I am trying to read the file 'train-images-idx3-ubyte', which can be found here along with the corresponding file format description (at the bottom of the webpage). When I look at the bytes with od -t x1 train-images-idx3-ubyte | less (hexadecimal, bytewise), I get the following output:
adress bytes
0000000 00 00 08 03 00 00 ea 60 00 00 00 1c 00 00 00 1c
0000020 00 00 00 00 00 00 00 00 00 00 00 00 00 00 00 00
...
This is what I expected according to 1. But when I try to read the data with C++ I've got a problem. What I do is this:
std::fstream trainingData("minst/train-images-idx3-ubyte",
std::ios::in | std::ios::binary);
int8_t zero = 0, encoding = 0, dimension = 0;
int32_t samples = -1;
trainingData >> zero >> zero >> encoding >> dimension;
trainingData >> samples;
debugLogger << "training set image file, encoding = "
<< (int) encoding << ", dimension = "
<< (int) dimension << ", items = " << (int) samples << "\n";
But the output of these few lines of code is:
training set image file, encoding = 8, dimension = 3, items = 0
Everything but the number of instances (items, samples) is correct. I tried reading the next 4 bytes as int8_t and that gave me at least the same result as od.
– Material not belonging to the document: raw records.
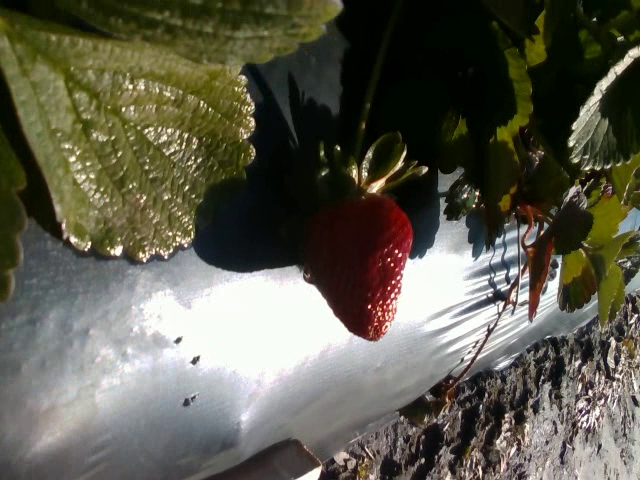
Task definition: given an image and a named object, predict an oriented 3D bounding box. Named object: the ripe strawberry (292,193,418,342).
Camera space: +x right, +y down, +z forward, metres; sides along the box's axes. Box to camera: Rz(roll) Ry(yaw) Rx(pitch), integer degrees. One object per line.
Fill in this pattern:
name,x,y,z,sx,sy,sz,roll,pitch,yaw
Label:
ripe strawberry,0.014,0.011,0.196,0.043,0.050,0.043,-12,-30,11
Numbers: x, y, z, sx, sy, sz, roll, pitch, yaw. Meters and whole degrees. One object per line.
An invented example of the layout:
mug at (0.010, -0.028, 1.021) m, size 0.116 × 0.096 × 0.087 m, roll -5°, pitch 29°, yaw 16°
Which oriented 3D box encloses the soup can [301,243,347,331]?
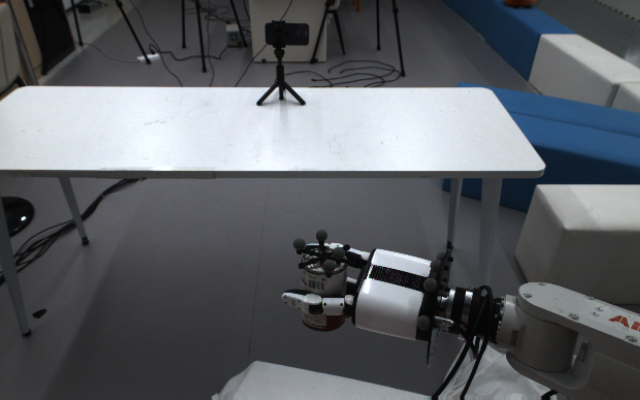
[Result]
soup can at (0.007, 0.130, 0.701) m, size 0.067 × 0.101 × 0.067 m, roll 1°, pitch 25°, yaw 0°
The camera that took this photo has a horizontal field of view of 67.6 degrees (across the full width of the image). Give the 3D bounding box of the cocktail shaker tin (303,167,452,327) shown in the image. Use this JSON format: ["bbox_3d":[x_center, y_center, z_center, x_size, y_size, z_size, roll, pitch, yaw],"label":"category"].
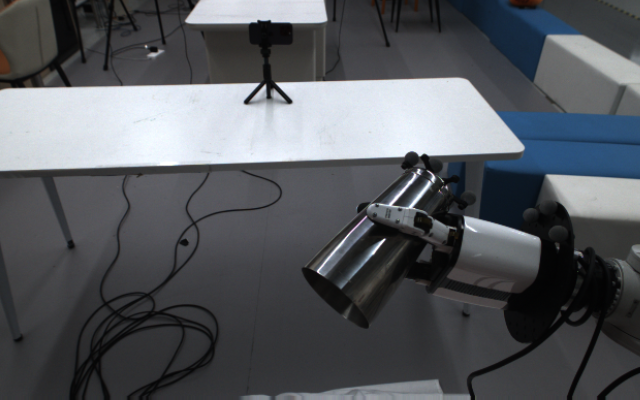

I cannot imagine how samples can be 0. What I actually wanted to read here was 10,000. Maybe you've got a clue?
As mentioned in other answers, you need to use unformatted input, i.e. istream::read(...) instead of operator>>. Translating your code above to use read yields:
trainingData.read(reinterpret_cast<char*>(&zero), sizeof(zero));
trainingData.read(reinterpret_cast<char*>(&zero), sizeof(zero));
trainingData.read(reinterpret_cast<char*>(&encoding), sizeof(encoding));
trainingData.read(reinterpret_cast<char*>(&dimension), sizeof(dimension));
trainingData.read(reinterpret_cast<char*>(&samples), sizeof(samples));
Which gets you most of the way there - but 00 00 ea 60 looks like it's in Big-endian format, so you'll have to pass it through ntohl to make sense of it if you're running on an intel-based machine:
samples = ntohl(samples);
which gives encoding = 8, dimension = 3, items = 60000.
The input is formatted, which will result in you reading wrong results from the file. Reading from an unformatted input will provide the correct results.